Tensioni crescenti nello spogliatoio del Real Madrid con Xabi Alonso

Il Real Madrid guida La Liga, ma il suo spogliatoio mostra segni di malcontento sotto Xabi Alonso. Giocatori chiave come Vinicius Júnior esprimono dissenso sulle scelte tattiche e i metodi di allenamento. Il club osserva con preoccupazione l'arrivo di una partita cruciale contro il Manchester City.

Un anno e mezzo fa, Carlo Ancelotti descriveva lo spogliatoio del Real Madrid, campione d'Europa a Wembley nel 2024, come « il più sano » che avesse mai visto. I rapporti tra giocatori e staff tecnico scorrevano alla perfezione, con Ancelotti in veste di figura paterna per il gruppo.

Tuttavia, sotto Xabi Alonso, subentrato dopo una stagione di sconfitte e cambiamenti come la partenza di Toni Kroos e l'arrivo di Kylian Mbappé, la dinamica è cambiata. L'allenatore basco, trionfatore al Bayer Leverkusen dove ha vinto la Bundesliga e raggiunto la finale di Europa League, ha ereditato una rosa arrabbiata. I risultati recenti, inclusi pareggi contro Rayo Vallecano ed Elche, e una sconfitta ad Anfield contro il Liverpool, hanno acuito le tensioni.
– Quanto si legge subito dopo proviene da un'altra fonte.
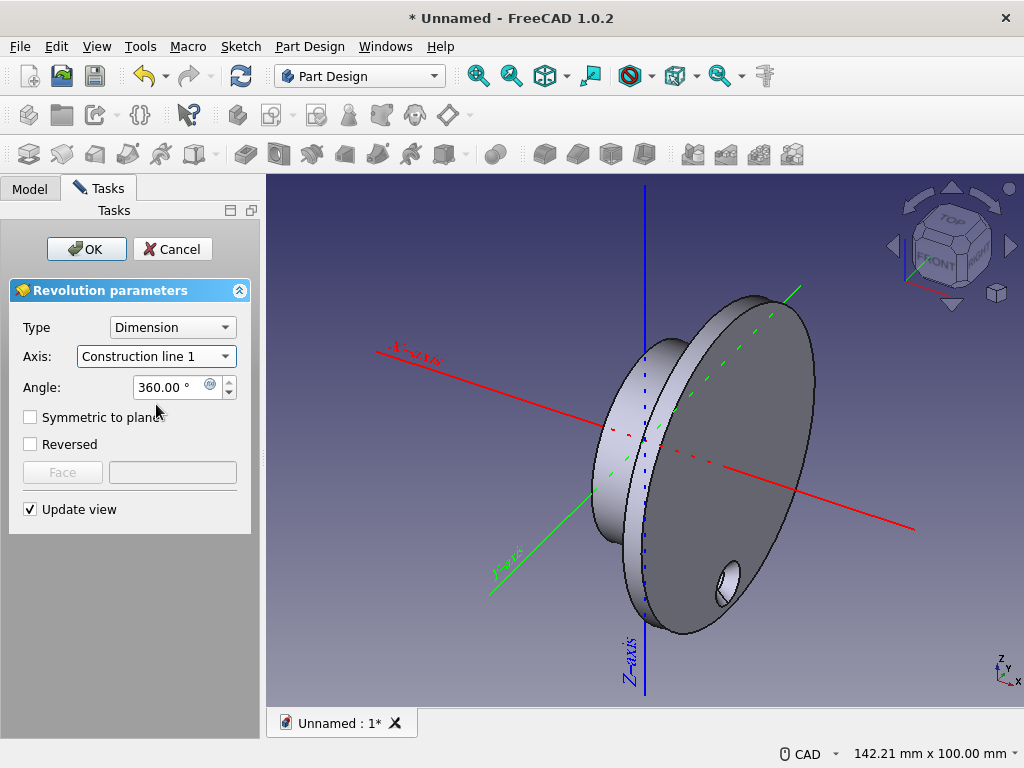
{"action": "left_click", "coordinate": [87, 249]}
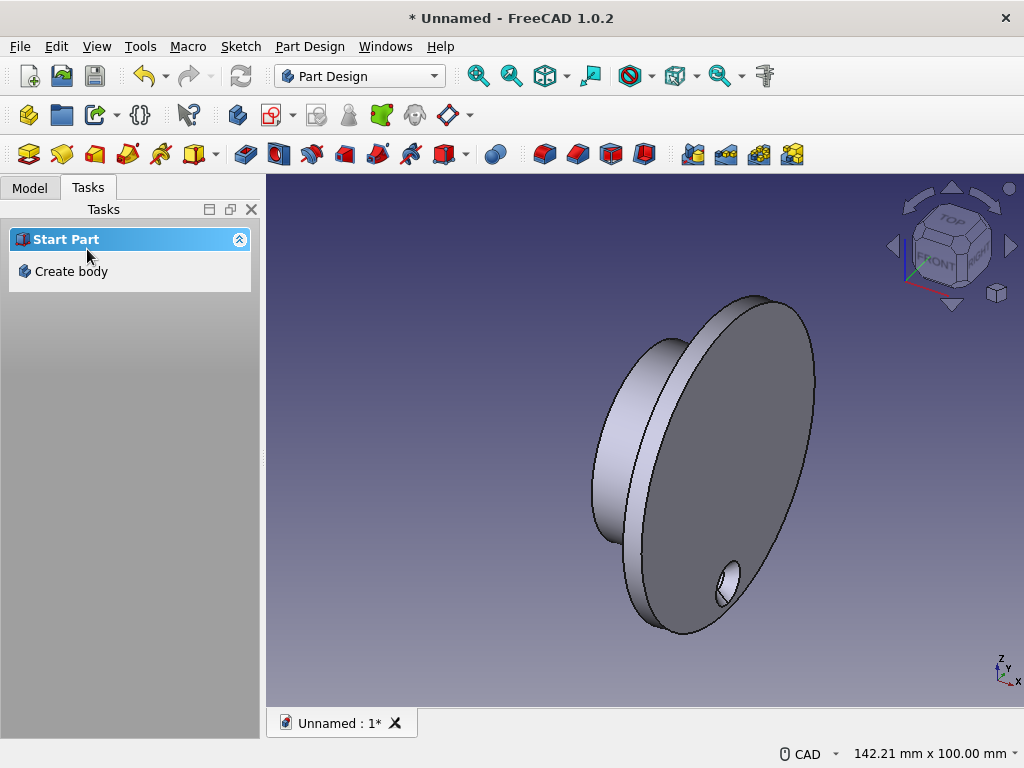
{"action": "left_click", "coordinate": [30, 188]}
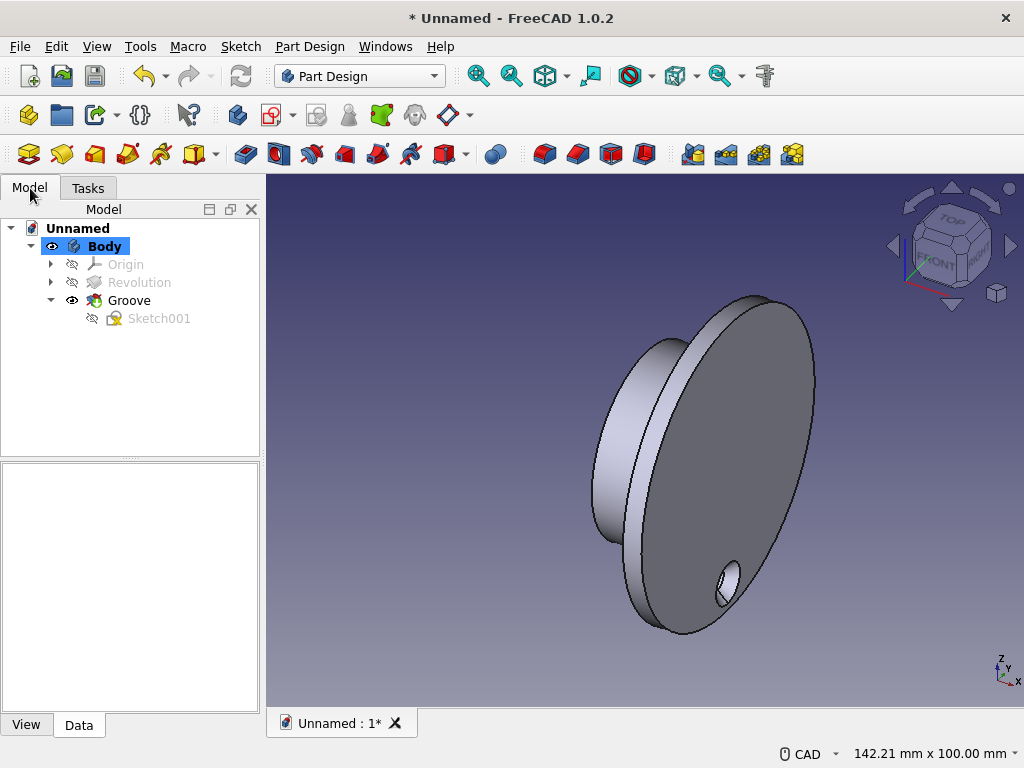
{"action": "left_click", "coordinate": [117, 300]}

I giocatori criticano i metodi di allenamento di Alonso, l'intensità delle sessioni e le lunghe revisioni video. Vinicius Júnior, in panchina in quattro partite quest'anno, ha mostrato rabbia pubblicamente e in privato; il suo rapporto con Alonso è solo « professionale », a differenza del legame padre-figlio con Ancelotti. Fonti dello spogliatoio indicano che questo malcontento si è diffuso, con Vinicius al centro della controversia.

Nella squadra coesistono due correnti: una di autocritica che attribuisce i problemi a una mancanza di atteggiamento dalla finale di Wembley, e un'altra che mette in dubbio l'adattamento delle idee di Alonso alla rosa. Giocatori come Fede Valverde e Jude Bellingham faticano a trovare il loro ruolo in un sistema più posizionale, mentre Aurélien Tchouaméni, Arda Güler e Mbappé si sentono a proprio agio e rendono bene. Tre dei primi quattro erano in panchina contro l'Elche.

Nel club ci sono critiche silenziose alla gestione di Alonso, sebbene si sottolinei che è « il momento dei giocatori ». Nonostante le preoccupazioni, il Madrid è in testa a La Liga e tra le prime otto in Europa. La partita dell'12 dicembre contro il Manchester City incombe come test decisivo.